简体繁体 English

LSTM 模型是否使用特征趋势？

[英]Does an LSTM model use trend in features?

原文 2022-06-29 13:30:18 4 1 machine-learning/ lstm/ lstm-stateful

Does an LSTM take into account a trend in a feature? LSTM 是否考虑了特征的趋势？ Or does it only see trends from the previous output (Y predicted)?还是它只看到先前输出的趋势（Y 预测）？

To illustrate, imagine we have a trend in feature A. In our problem, we know that in the real world Y tends to decrease as A increases (inversely proportional).为了说明，假设我们在特征 A 上有一个趋势。在我们的问题中，我们知道在现实世界中，Y 趋向于随着 A 的增加而减小（成反比）。 However, Y is NOT related to the actual value of A.但是，Y 与 A 的实际值无关。

Example, if A increases from 10 to 20, Y decrease by 1. If A increase from 40 to 50, Y decrease by 1 as well.例如，如果 A 从 10 增加到 20，Y 减少 1。
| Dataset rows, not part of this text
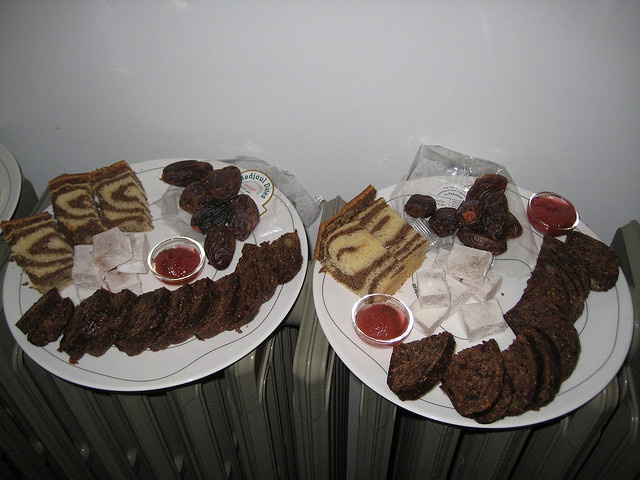Describe the objects in this image and their specific colors. I can see cake in gray, black, darkgray, and maroon tones, cake in gray, tan, and maroon tones, cake in gray, maroon, and black tones, cake in gray, black, and maroon tones, and cake in gray, black, and maroon tones in this image. 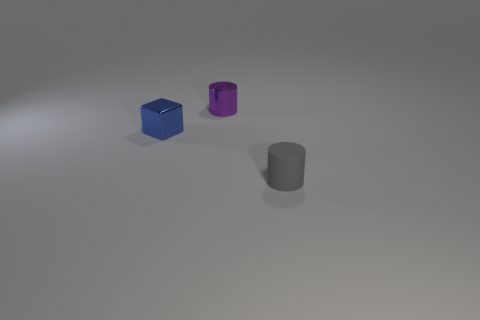Subtract all cylinders. How many objects are left? 1 Subtract all yellow balls. How many red cubes are left? 0 Add 3 purple metallic cylinders. How many purple metallic cylinders are left? 4 Add 2 small spheres. How many small spheres exist? 2 Add 3 metal cylinders. How many objects exist? 6 Subtract 0 yellow cylinders. How many objects are left? 3 Subtract all yellow cylinders. Subtract all purple balls. How many cylinders are left? 2 Subtract all gray rubber cylinders. Subtract all small purple shiny cylinders. How many objects are left? 1 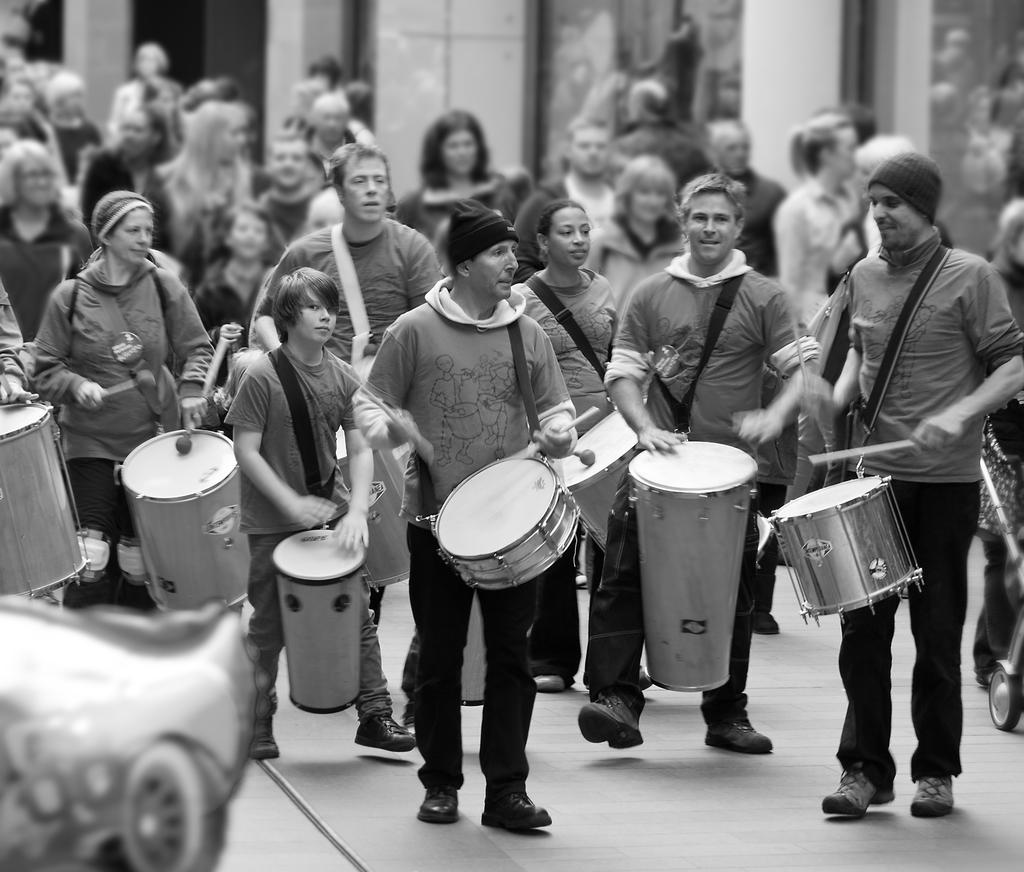What is happening in the image? There is a group of people in the image, and they are walking on a road. What are the people doing while walking on the road? The people are playing musical instruments. What type of slope can be seen in the image? There is no slope present in the image; it features a group of people walking on a road and playing musical instruments.

如果 A 从 40 增加到 50，Y 也减少 1。 Similarly, if A decreases from 30 to 20, Y should decrease by 1 and if A decreases from 60 to 50, Y should decrease by 1 as well.同样，如果 A 从 30 减少到 20，Y 应该减少 1，如果 A 从 60 减少到 50，Y 也应该减少 1。
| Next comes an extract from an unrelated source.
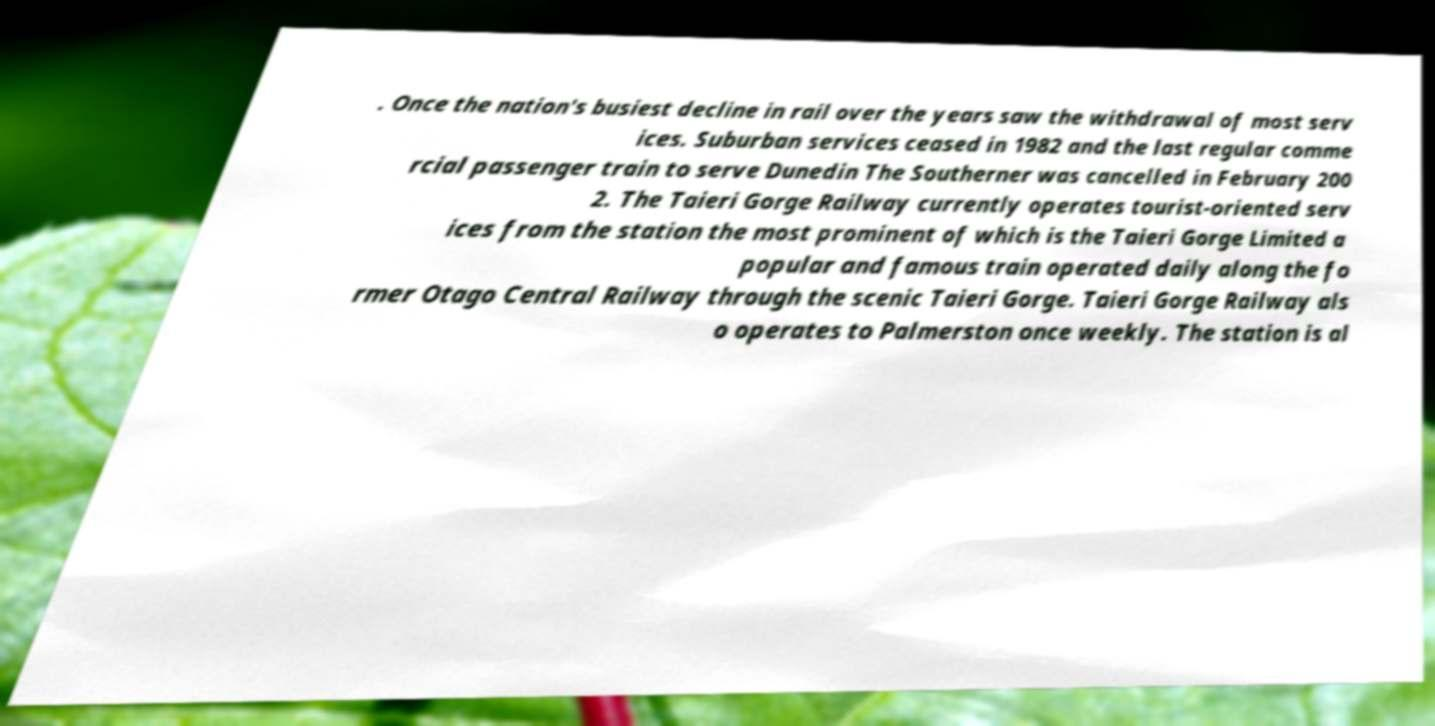Could you extract and type out the text from this image? . Once the nation's busiest decline in rail over the years saw the withdrawal of most serv ices. Suburban services ceased in 1982 and the last regular comme rcial passenger train to serve Dunedin The Southerner was cancelled in February 200 2. The Taieri Gorge Railway currently operates tourist-oriented serv ices from the station the most prominent of which is the Taieri Gorge Limited a popular and famous train operated daily along the fo rmer Otago Central Railway through the scenic Taieri Gorge. Taieri Gorge Railway als o operates to Palmerston once weekly. The station is al 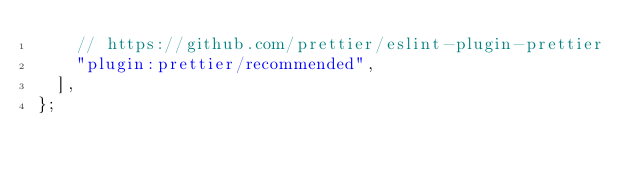Convert code to text. <code><loc_0><loc_0><loc_500><loc_500><_JavaScript_>    // https://github.com/prettier/eslint-plugin-prettier
    "plugin:prettier/recommended",
  ],
};
</code>

In the above example, the LSTM will do well if it can understand the decreasing trend of feature A. However, if it using the actual value of feature A, it will not be useful at all.在上面的例子中，如果 LSTM 能够理解特征 A 的下降趋势，它会做得很好。但是，如果它使用特征 A 的实际值，它就完全没有用了。 The value of "10" or "50" for A above is in itself meaningless because there is not direct correlation between the value of A and Y, only the trend in A influences Y. A real world example of this is the correlation between SPY (stock market) and VIX (volatility index).上面 A 的“10”或“50”值本身是没有意义的，因为 A 和 Y 的值之间没有直接的相关性，只有 A 的趋势会影响 Y。现实世界的一个例子是 SPY 之间的相关性（股票市场）和 VIX（波动率指数）。 The VIX has an inverse correlation to the movement of SPY, but the actual value of SPY doesn't matter. VIX 与 SPY 的走势呈负相关，但 SPY 的实际值并不重要。
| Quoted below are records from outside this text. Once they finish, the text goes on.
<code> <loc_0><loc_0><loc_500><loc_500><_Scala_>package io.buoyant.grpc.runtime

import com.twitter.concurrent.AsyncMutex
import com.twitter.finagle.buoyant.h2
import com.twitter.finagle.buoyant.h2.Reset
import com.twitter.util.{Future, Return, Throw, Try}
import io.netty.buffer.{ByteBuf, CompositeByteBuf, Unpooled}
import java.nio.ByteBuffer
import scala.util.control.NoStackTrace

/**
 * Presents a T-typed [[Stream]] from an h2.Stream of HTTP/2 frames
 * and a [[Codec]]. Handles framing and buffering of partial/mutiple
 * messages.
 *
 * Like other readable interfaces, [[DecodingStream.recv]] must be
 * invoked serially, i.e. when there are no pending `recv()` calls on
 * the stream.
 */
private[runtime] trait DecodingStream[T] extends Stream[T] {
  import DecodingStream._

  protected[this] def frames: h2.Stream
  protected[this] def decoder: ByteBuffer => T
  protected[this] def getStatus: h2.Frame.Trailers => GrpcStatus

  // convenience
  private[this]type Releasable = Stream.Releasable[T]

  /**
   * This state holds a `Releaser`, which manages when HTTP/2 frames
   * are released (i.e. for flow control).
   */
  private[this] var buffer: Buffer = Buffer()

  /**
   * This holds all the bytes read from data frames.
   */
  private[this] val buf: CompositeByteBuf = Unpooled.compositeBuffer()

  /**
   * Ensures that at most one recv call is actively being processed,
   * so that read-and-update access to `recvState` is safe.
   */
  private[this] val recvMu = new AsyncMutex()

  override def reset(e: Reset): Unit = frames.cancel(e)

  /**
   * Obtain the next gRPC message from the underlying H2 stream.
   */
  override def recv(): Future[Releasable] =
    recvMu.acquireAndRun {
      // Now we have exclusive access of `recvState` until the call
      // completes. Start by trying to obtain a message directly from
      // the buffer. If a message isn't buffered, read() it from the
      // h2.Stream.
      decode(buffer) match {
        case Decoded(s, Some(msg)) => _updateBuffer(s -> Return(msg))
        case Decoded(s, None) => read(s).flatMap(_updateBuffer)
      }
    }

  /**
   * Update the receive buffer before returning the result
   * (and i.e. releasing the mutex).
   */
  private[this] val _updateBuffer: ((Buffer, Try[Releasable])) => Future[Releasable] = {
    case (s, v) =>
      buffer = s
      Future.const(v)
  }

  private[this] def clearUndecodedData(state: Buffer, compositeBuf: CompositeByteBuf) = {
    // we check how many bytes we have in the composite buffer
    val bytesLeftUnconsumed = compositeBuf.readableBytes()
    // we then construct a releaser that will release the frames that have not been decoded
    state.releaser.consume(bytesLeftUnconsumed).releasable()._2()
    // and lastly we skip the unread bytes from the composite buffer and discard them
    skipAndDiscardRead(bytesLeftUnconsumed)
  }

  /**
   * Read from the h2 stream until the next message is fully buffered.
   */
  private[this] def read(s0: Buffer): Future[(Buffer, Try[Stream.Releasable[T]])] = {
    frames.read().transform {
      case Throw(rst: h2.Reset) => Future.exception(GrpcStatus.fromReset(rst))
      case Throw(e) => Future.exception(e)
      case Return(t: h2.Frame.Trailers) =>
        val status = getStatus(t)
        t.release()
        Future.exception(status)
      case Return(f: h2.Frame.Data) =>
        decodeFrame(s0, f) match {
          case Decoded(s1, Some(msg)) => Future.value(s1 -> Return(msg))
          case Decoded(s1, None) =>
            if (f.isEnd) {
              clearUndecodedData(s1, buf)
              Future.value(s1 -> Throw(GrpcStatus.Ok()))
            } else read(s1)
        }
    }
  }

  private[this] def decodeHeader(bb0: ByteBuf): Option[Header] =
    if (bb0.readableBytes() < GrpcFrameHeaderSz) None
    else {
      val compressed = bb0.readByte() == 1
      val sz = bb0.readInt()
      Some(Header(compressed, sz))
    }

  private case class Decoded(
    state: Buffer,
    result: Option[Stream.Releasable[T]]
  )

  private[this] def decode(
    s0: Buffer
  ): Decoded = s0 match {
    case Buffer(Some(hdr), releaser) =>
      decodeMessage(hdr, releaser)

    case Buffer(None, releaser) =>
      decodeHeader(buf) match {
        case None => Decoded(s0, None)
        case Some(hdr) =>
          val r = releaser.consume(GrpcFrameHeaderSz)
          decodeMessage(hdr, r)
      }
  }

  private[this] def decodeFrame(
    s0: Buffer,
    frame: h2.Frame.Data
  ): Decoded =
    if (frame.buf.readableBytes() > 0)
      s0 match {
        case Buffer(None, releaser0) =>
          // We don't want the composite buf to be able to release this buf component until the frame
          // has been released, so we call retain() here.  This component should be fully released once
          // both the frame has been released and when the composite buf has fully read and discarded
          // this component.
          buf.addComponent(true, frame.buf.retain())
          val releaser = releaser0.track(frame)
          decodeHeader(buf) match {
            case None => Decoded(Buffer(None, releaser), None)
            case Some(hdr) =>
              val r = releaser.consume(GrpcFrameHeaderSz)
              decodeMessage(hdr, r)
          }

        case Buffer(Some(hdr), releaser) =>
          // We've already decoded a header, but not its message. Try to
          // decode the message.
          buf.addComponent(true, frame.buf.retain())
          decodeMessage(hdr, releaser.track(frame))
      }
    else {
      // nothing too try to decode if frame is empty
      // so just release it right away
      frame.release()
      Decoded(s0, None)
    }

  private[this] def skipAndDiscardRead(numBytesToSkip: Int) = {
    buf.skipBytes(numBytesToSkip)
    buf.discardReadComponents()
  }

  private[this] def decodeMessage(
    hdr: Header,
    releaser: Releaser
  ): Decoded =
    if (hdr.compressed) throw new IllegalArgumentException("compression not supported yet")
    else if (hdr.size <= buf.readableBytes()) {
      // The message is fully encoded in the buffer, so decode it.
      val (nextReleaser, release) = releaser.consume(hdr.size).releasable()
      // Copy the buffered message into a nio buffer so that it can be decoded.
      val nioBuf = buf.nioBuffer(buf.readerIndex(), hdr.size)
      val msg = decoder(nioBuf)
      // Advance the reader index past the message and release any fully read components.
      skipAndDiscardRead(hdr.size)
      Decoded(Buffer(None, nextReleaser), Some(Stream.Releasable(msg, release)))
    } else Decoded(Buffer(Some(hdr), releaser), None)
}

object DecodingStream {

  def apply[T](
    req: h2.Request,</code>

I have spent a lot of time learning about LSTMs in general, but it's not clear whether the "memory" remembers the trend in a feature's value.我花了很多时间学习一般的 LSTM，但不清楚“记忆”是否记住了特征值的趋势。 From what I can see, it does not, and only remembers the previous "weights" of the features and the trend in the output (Y).据我所知，它没有，并且只记住以前的特征“权重”和输出（Y）中的趋势。

1 个解决方案

There are no "previous weights";没有“以前的权重”； the weights are fixed at evaluation time.权重在评估时是固定的。 The network remembers whatever function of the previous inputs and the previous state it learns to remember, based on the recurrent weights it learned during training.网络根据它在训练期间学习的循环权重记住先前输入的任何功能和它学会记住的先前状态。 The difference between an input at the current time-step and the previous time-step, or an approximation of a longer-range derivative, is certainly something that it could learn if that was useful.当前时间步长的输入与前一个时间步长的输入之间的差异，或者一个较长范围导数的近似值，如果有用的话，它当然可以学习。